The discovery layer itself should be highly available and reachable from every region:

* **etcd**: 3 or 5 nodes spread across regions (an odd number for quorum). Treat it like any other consensus system.
* **Consul**: at least one Consul server per region, federated. Clients on each Bifrost host point to the local Consul agent.
* **DNS**: a managed global DNS service (Route 53, Cloud DNS, Azure DNS) with low TTLs on the discovery records.

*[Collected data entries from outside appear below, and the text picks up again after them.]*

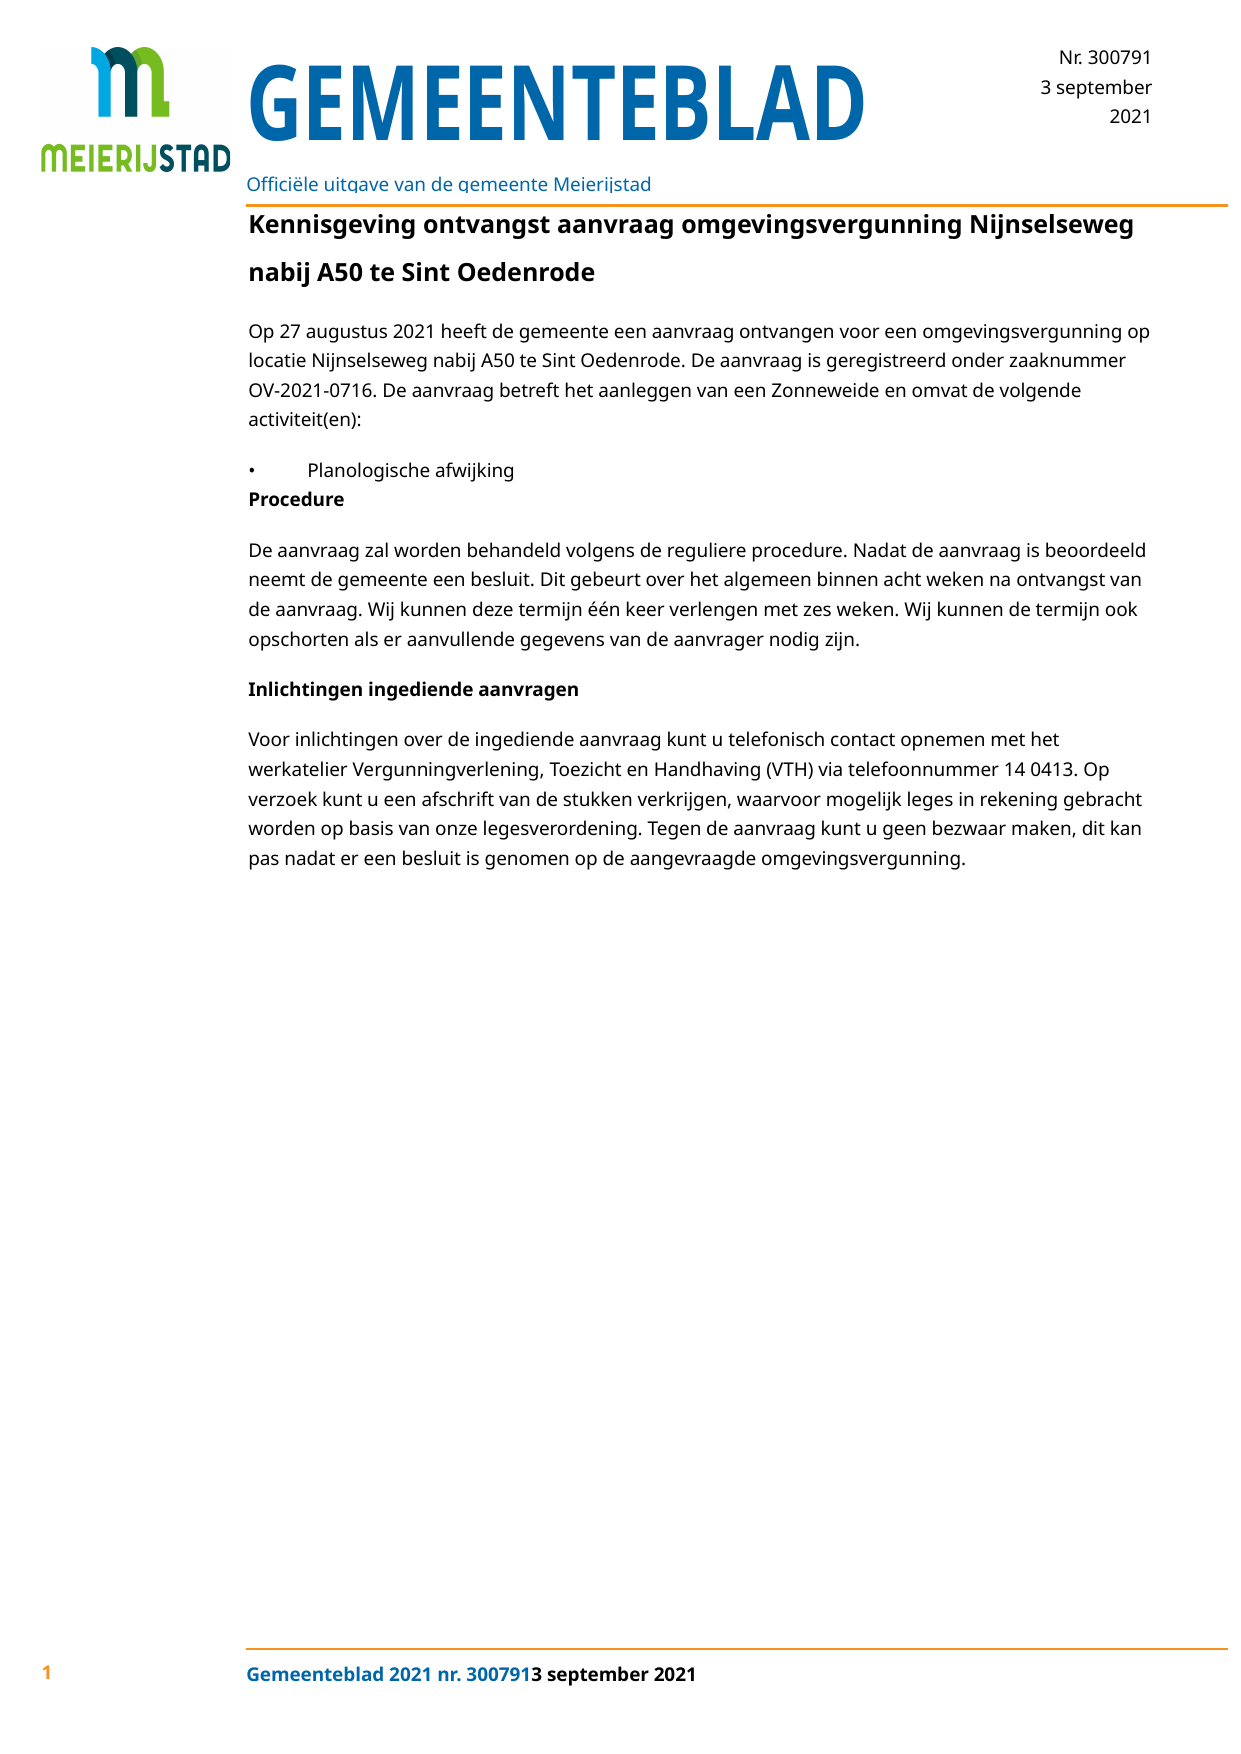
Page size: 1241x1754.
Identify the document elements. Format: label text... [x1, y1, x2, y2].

text Voor inlichtingen over de ingediende aanvraag kunt u telefonisch contact opnemen met het werkatelier Vergunningverlening, Toezicht en Handhaving (VTH) via telefoonnummer 14 0413. Op verzoek kunt u een afschrift van de stukken verkrijgen, waarvoor mogelijk leges in rekening gebracht worden op basis van onze legesverordening. Tegen de aanvraag kunt u geen bezwaar maken, dit kan pas nadat er een besluit is genomen op de aangevraagde omgevingsvergunning. [248, 727, 1152, 871]
text Kennisgeving ontvangst aanvraag omgevingsvergunning Nijnselseweg nabij A50 te Sint Oedenrode [248, 207, 1152, 288]
text Inlichtingen ingediende aanvragen [248, 676, 1152, 702]
text Op 27 augustus 2021 heeft de gemeente een aanvraag ontvangen voor een omgevingsvergunning op locatie Nijnselseweg nabij A50 te Sint Oedenrode. De aanvraag is geregistreerd onder zaaknummer OV-2021-0716. De aanvraag betreft het aanleggen van een Zonneweide en omvat de volgende activiteit(en): [248, 318, 1152, 432]
list Planologische afwijking [248, 457, 1152, 483]
picture [41, 47, 231, 172]
text Procedure [248, 487, 1152, 512]
text De aanvraag zal worden behandeld volgens de reguliere procedure. Nadat de aanvraag is beoordeeld neemt de gemeente een besluit. Dit gebeurt over het algemeen binnen acht weken na ontvangst van de aanvraag. Wij kunnen deze termijn één keer verlengen met zes weken. Wij kunnen de termijn ook opschorten als er aanvullende gegevens van de aanvrager nodig zijn. [248, 537, 1152, 652]
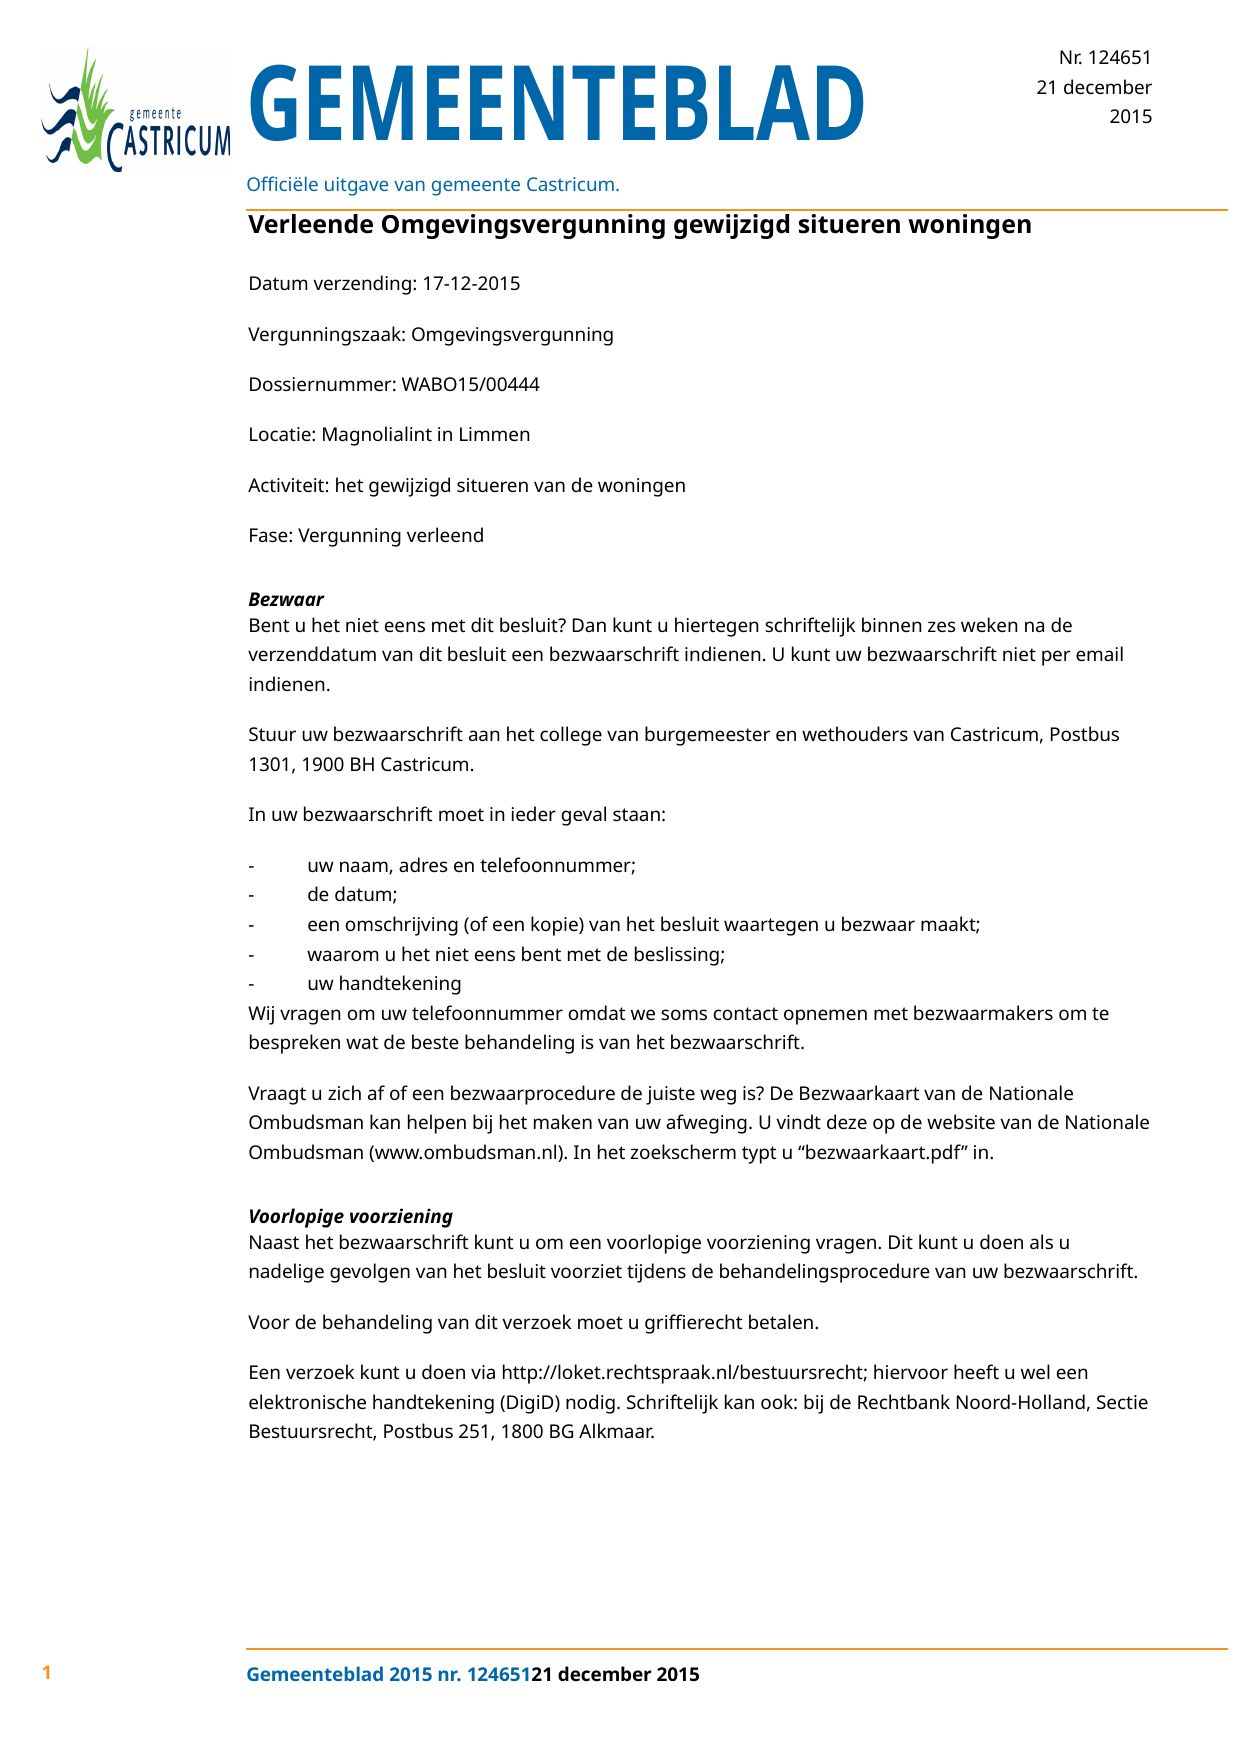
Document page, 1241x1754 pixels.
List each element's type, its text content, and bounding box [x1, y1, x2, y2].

text Bezwaar [248, 586, 1152, 612]
text In uw bezwaarschrift moet in ieder geval staan: [248, 802, 1152, 827]
text Fase: Vergunning verleend [248, 522, 1152, 548]
text Vraagt u zich af of een bezwaarprocedure de juiste weg is? De Bezwaarkaart van de Nationale Ombudsman kan helpen bij het maken van uw afweging. U vindt deze op de website van de Nationale Ombudsman (www.ombudsman.nl). In het zoekscherm typt u “bezwaarkaart.pdf” in. [248, 1080, 1152, 1165]
text Voor de behandeling van dit verzoek moet u griffierecht betalen. [248, 1309, 1152, 1334]
text Activiteit: het gewijzigd situeren van de woningen [248, 472, 1152, 498]
list waarom u het niet eens bent met de beslissing; [248, 941, 1152, 967]
list uw naam, adres en telefoonnummer; [248, 852, 1152, 878]
text Naast het bezwaarschrift kunt u om een voorlopige voorziening vragen. Dit kunt u doen als u nadelige gevolgen van het besluit voorziet tijdens de behandelingsprocedure van uw bezwaarschrift. [248, 1229, 1152, 1284]
text Vergunningszaak: Omgevingsvergunning [248, 321, 1152, 346]
text Locatie: Magnolialint in Limmen [248, 422, 1152, 447]
text Bent u het niet eens met dit besluit? Dan kunt u hiertegen schriftelijk binnen zes weken na de verzenddatum van dit besluit een bezwaarschrift indienen. U kunt uw bezwaarschrift niet per email indienen. [248, 612, 1152, 697]
list de datum; [248, 882, 1152, 907]
picture [41, 47, 231, 172]
text Wij vragen om uw telefoonnummer omdat we soms contact opnemen met bezwaarmakers om te bespreken wat de beste behandeling is van het bezwaarschrift. [248, 1000, 1152, 1055]
text Dossiernummer: WABO15/00444 [248, 371, 1152, 397]
text Verleende Omgevingsvergunning gewijzigd situeren woningen [248, 211, 1152, 241]
list uw handtekening [248, 970, 1152, 996]
text Een verzoek kunt u doen via http://loket.rechtspraak.nl/bestuursrecht; hiervoor heeft u wel een elektronische handtekening (DigiD) nodig. Schriftelijk kan ook: bij de Rechtbank Noord-Holland, Sectie Bestuursrecht, Postbus 251, 1800 BG Alkmaar. [248, 1359, 1152, 1444]
text Voorlopige voorziening [248, 1203, 1152, 1229]
list een omschrijving (of een kopie) van het besluit waartegen u bezwaar maakt; [248, 911, 1152, 937]
text Stuur uw bezwaarschrift aan het college van burgemeester en wethouders van Castricum, Postbus 1301, 1900 BH Castricum. [248, 722, 1152, 777]
text Datum verzending: 17-12-2015 [248, 270, 1152, 296]

## What still needs cross-region planning

* **Provider endpoints.** Choose providers and provider regions that match your pods' regions to keep upstream latency low.
* **Vector store and guardrails.** Both should be co-located with the pods that call them.
* **Cluster gossip / gRPC.** Memberlist (`10101/TCP+UDP`) and counter-sync (`10102/TCP`) must be reachable peer-to-peer across regions. Latency between cluster nodes affects convergence time, not request latency.
* **Discovery reachability.** The etcd / Consul / DNS endpoint must be resolvable and reachable from every region. Network ACLs that lock discovery to a single VPC will silently break cross-region joins.
* **Object storage region.** Place buckets close to your dashboard users or close to the pods doing the writes, depending on whether read or write throughput dominates.

See [Clustering](/enterprise/clustering) for the gRPC/gossip port layout and [Sizing](/enterprise/moving-from-oss/sizing) for per-region pod counts.